WILL PARRISH: The Russian River — Everybody Wants Some, But…

 

RodrigueWhite1

From WILL PARRISH
Ukiah
TheAVA

The Russian River, as we know it today, arises in the pine-studded hills surrounding Potter Valley, with an overwhelming infusion of Eel River water helping it on its way as it tumbles down into the Lake Mendocino reservoir. The river’s western fork trickles out of the fir-laden hills north of Redwood Valley, in the vicinity of the Holy Transfiguration Monastery: an outpost of the Ukranian Greek-Catholic Church.

The two forks come together at the precise location of the Mendocino Forests Products (aka Mendocino Redwood Company) mill in northern Ukiah, which draws on an annual water right of about 90 acre-feet in the course of annually producing more than 45 million board feet of lumber. As it leaves Mendocino County, the river cuts through a spectacular serpentine canyon best known as the location of Frog Woman Rock and drops into the Alexander Valley, where it is fed by water that drops from the world’s second largest geothermal power plant, and from Mount St. Helena: the highest point in the Mayacamas mountain range.
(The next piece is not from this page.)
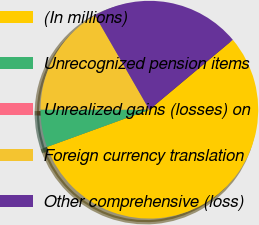Convert chart to OTSL. <chart><loc_0><loc_0><loc_500><loc_500><pie_chart><fcel>(In millions)<fcel>Unrecognized pension items<fcel>Unrealized gains (losses) on<fcel>Foreign currency translation<fcel>Other comprehensive (loss)<nl><fcel>55.55%<fcel>5.56%<fcel>0.0%<fcel>16.67%<fcel>22.22%<nl></chart> 
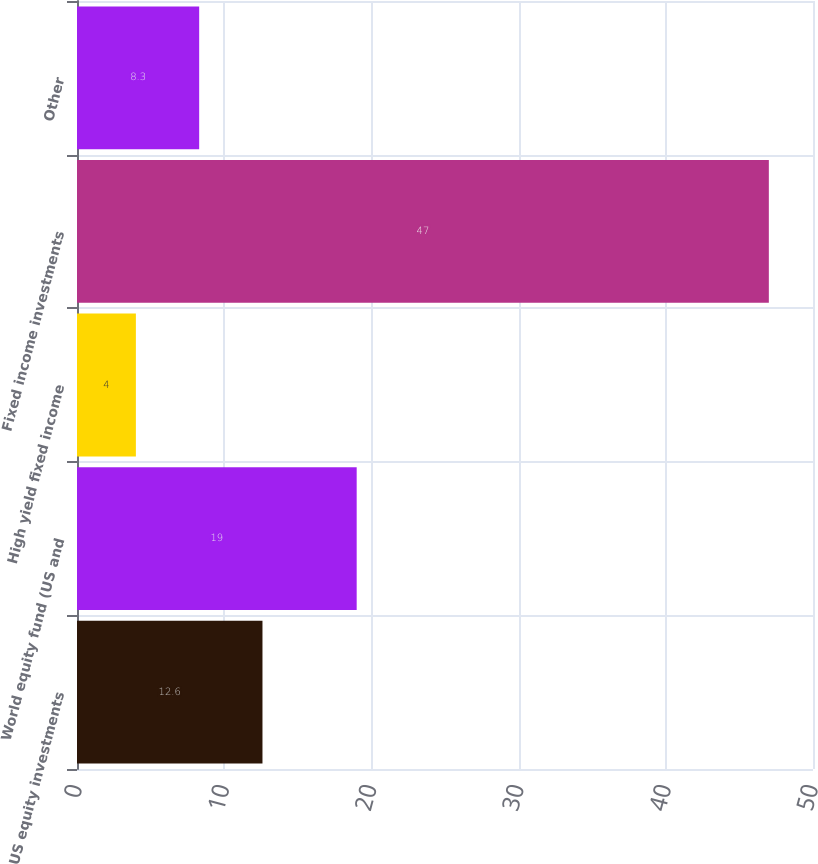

Perhaps the real clincher occurs about 10 miles upstream of Guerneville, where five Sonoma County Water Agency radial wells — collectors that extract water from an aquifer with direct connection to a surface water source, in this case the Russian River — receive water filtered through 60 to 90 feet of naturally deposited sand and gravel. The Water Agency then pumps the water into a lengthy aqueduct system, which supplies ever growing Sonoma County to the south, including two cities that are in altogether different drainage basins: Petaluma and Sonoma.

The water doesn’t stop there. Some of these liquid resources reach northern Marin County — particularly Novato, which receives 75% of its water from the Russian – and some ends up all the way in southern Marin County. Among those that receive the Sonoma County Water Agency’s deliveries are the working-class Bay Area suburb of Marin City, teenage home of legendary hip-hop martyr Tupac Shakur, and Sausalito, the upper-crust town on the North Bay’s fringes that practically bumps right up against the Golden Gate Bridge.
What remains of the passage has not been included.